▶ [What you are asked to do]:
Once the images are set aside, print the remaining lines below exactly.

▶ [Recorded information]:
══════════

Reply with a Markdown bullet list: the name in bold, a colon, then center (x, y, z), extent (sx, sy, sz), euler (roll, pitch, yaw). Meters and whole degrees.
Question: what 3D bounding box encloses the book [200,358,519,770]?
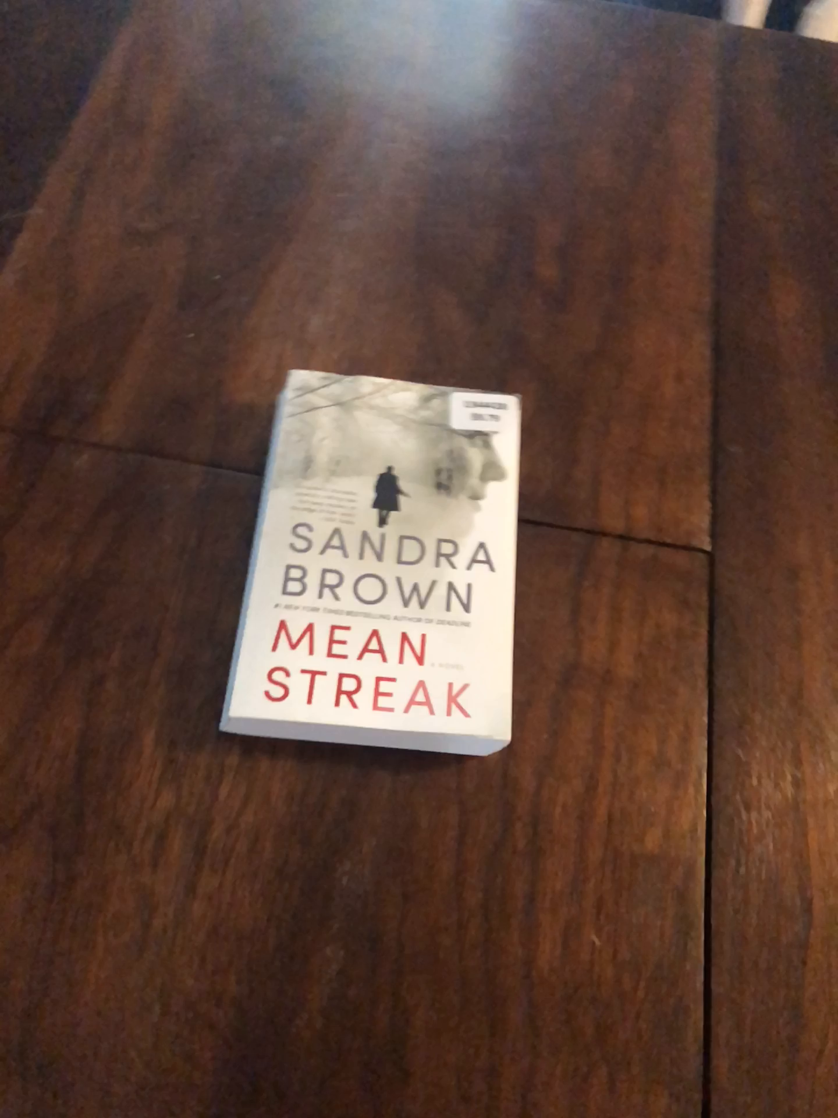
- **book**: center (-0.023, -0.005, 0.479), extent (0.137, 0.030, 0.207), euler (6, 63, -1)
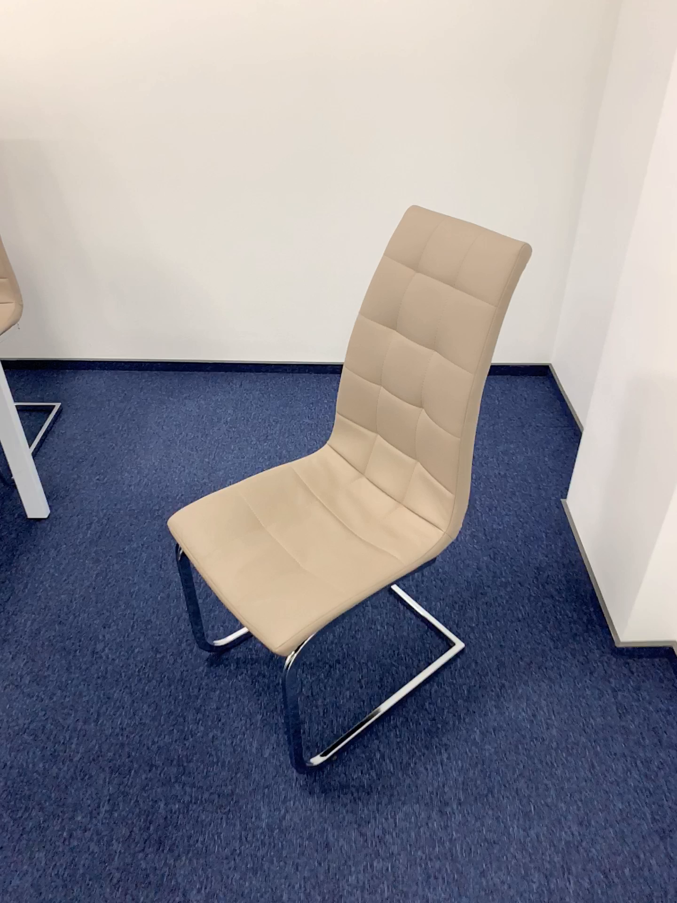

══════════

▶ [Final answer]:
Reply with a Markdown bullet list: the name in bold, a colon, then center (x, y, z), extent (sx, sy, sz), euler (roll, pitch, yaw). Meters and whole degrees.
Question: what 3D bounding box encloses the book [200,358,519,770]?
- **book**: center (-0.023, -0.005, 0.479), extent (0.137, 0.030, 0.207), euler (6, 63, -1)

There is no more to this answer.